Solve the following system of inequalities graphically on the set of axes below. State the coordinates of a point in the solution set: y < -4/5 x + 7 and y > 2x - 7.

Steps to Solve

1. Identify the inequalities

First, we need to identify the two inequalities. Let's say the inequalities are:

• $y < 2x + 1$
• $y \geq -x + 3$

2. Rewrite the inequalities as equations

Next, we can rewrite the inequalities as equations to find the boundary lines:

• For $y < 2x + 1$, the corresponding equation is $y = 2x + 1$.
• For $y \geq -x + 3$, the corresponding equation is $y = -x + 3$.

3. Graph the lines

Now we graph the lines on a coordinate plane:

• For the line $y = 2x + 1$, plot the y-intercept (0, 1) and use the slope (2) to find another point, like (1, 3).
• For the line $y = -x + 3$, plot the y-intercept (0, 3) and use the slope (-1) to find another point, like (1, 2).
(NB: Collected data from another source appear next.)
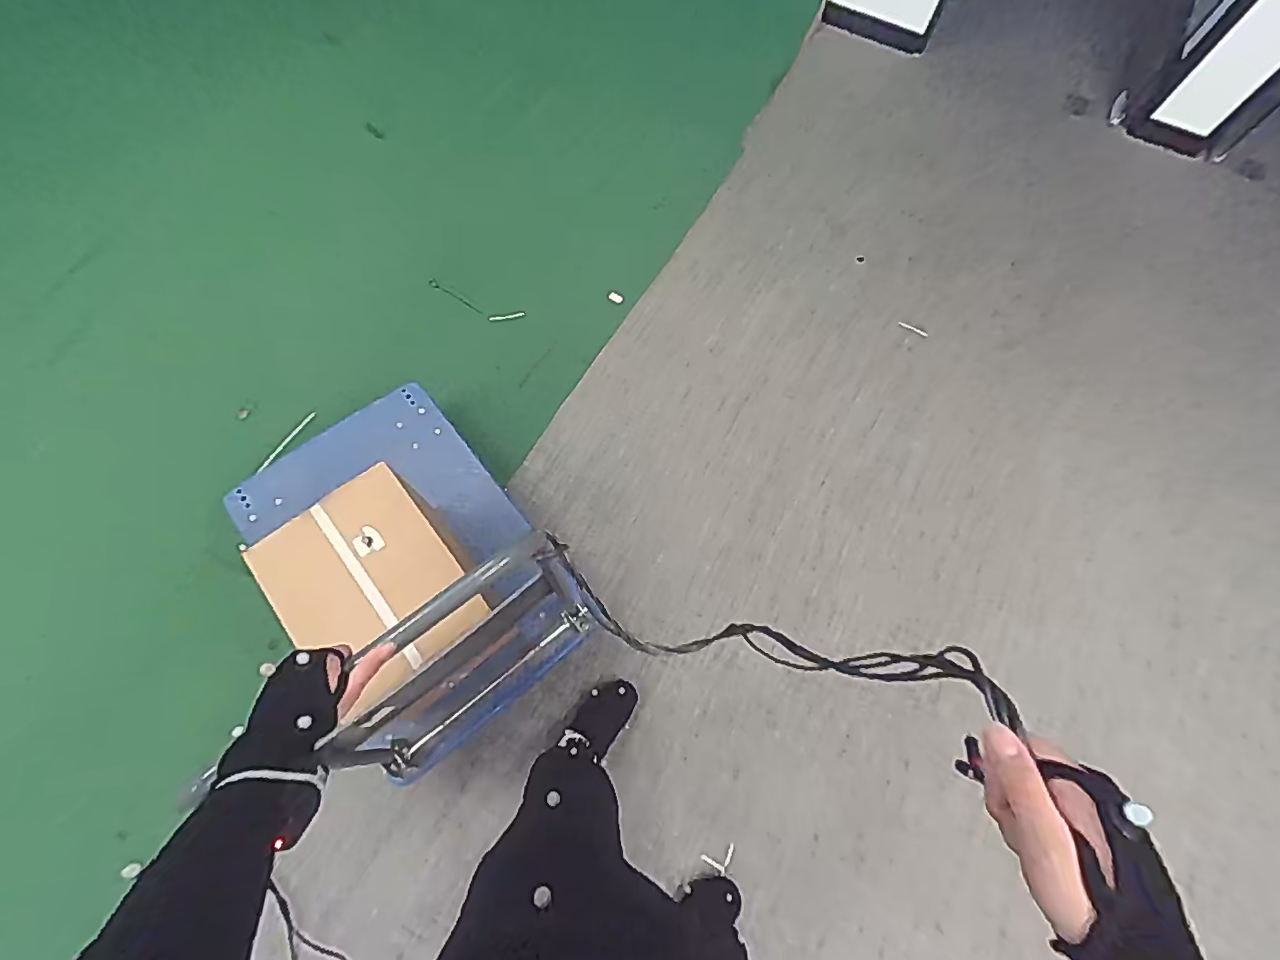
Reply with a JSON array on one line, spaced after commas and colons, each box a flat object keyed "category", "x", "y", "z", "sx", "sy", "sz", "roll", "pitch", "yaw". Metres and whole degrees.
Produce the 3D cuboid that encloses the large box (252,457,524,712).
[{"category": "large box", "x": -0.514, "y": 0.233, "z": 1.174, "sx": 0.320, "sy": 0.320, "sz": 0.408, "roll": -38, "pitch": 74, "yaw": -15}]
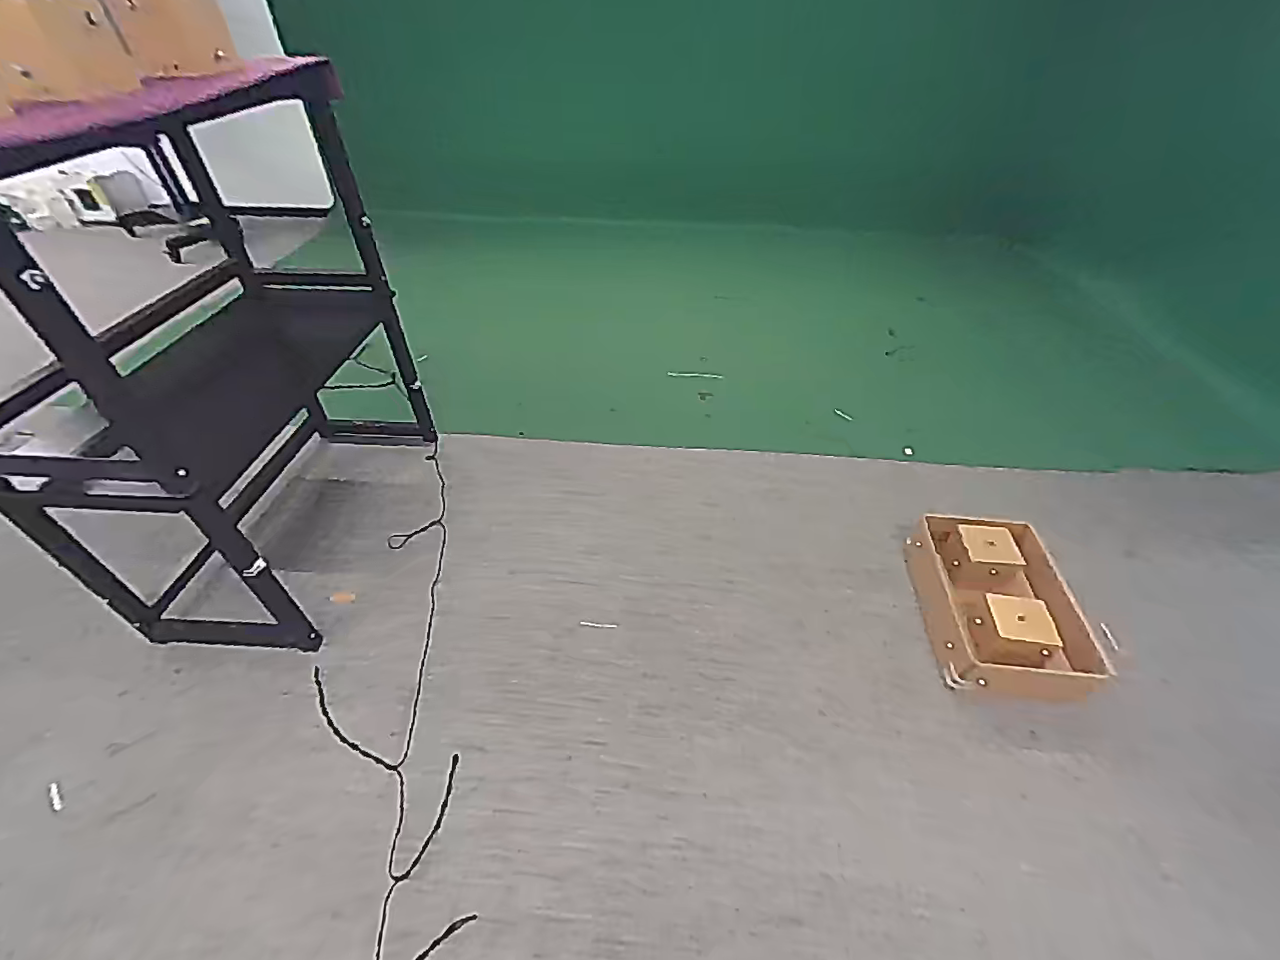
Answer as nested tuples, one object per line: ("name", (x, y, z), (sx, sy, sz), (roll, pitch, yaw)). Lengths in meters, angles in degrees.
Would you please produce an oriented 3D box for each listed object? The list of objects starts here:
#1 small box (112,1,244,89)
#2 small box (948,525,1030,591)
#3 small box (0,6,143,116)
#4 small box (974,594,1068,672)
("small box", (-1.182, -1.131, 1.407), (0.168, 0.176, 0.179), (1, 42, 4))
("small box", (1.222, 0.279, 1.915), (0.179, 0.176, 0.168), (4, 44, 5))
("small box", (-1.209, -0.879, 1.133), (0.168, 0.176, 0.179), (2, 43, 4))
("small box", (1.181, 0.482, 1.698), (0.179, 0.176, 0.168), (6, 43, 8))
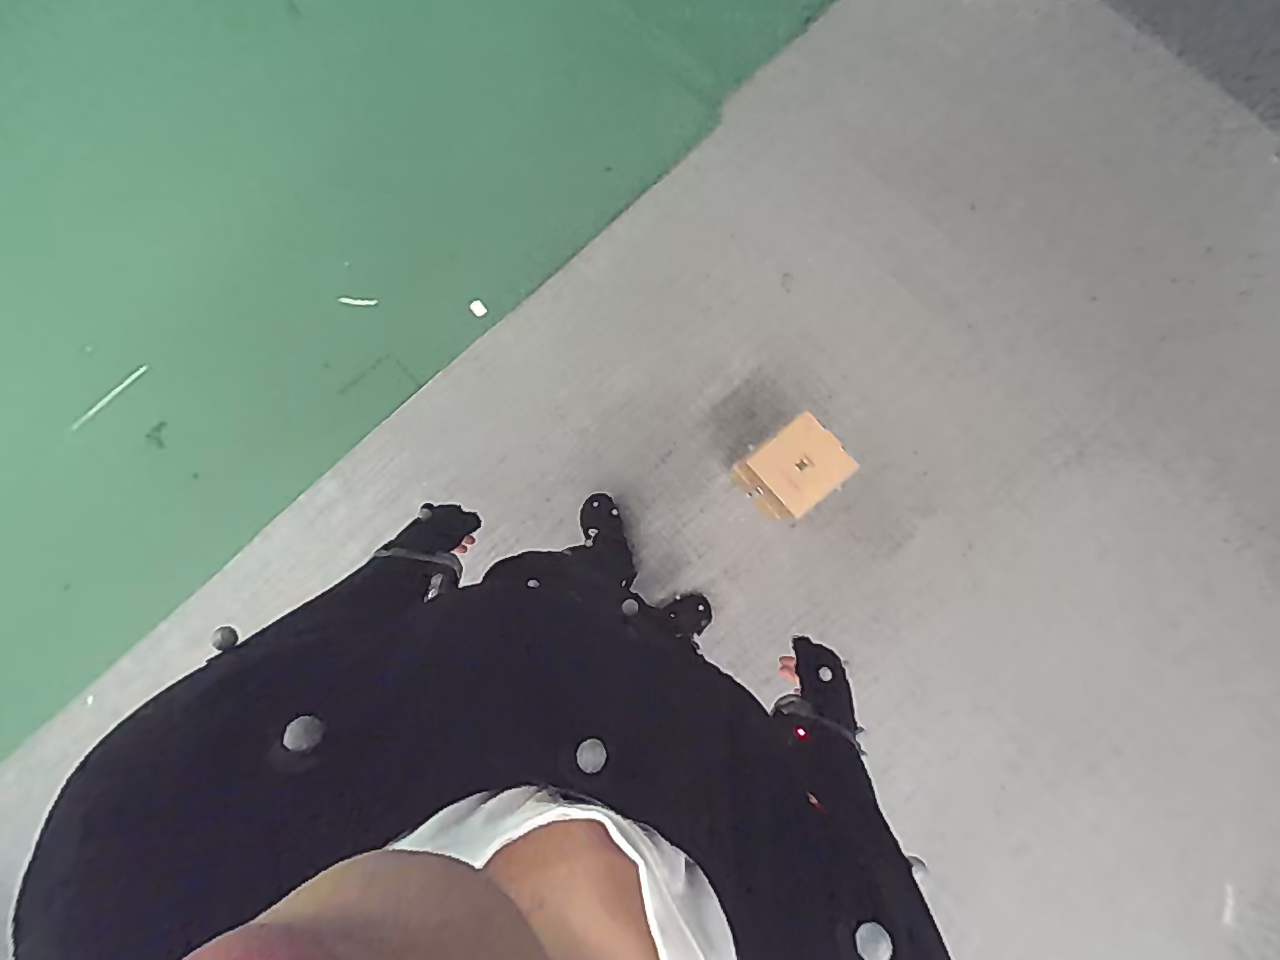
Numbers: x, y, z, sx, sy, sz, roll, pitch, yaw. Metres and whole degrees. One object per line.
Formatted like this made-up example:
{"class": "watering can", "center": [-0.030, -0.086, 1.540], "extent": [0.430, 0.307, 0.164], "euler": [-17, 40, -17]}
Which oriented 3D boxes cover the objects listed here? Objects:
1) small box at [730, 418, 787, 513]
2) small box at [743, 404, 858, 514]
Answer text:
{"class": "small box", "center": [0.348, -0.030, 1.385], "extent": [0.168, 0.176, 0.179], "euler": [-39, 81, 0]}
{"class": "small box", "center": [0.351, -0.041, 1.223], "extent": [0.179, 0.176, 0.168], "euler": [-41, 81, 1]}

4. Determine the shading for the inequalities

For $y < 2x + 1$, shade below the line since it’s a "less than" inequality.

For $y \geq -x + 3$, shade above the line, since it’s a "greater than or equal to" inequality.

5. Find the overlapping region

Look for the area where the shaded regions from both inequalities overlap. This region is the solution set.

6. Select a point in the overlapping region

Finally, choose any point that is within the overlapping region as a solution. For example, the point (0, 2) can be checked to see if it satisfies both inequalities.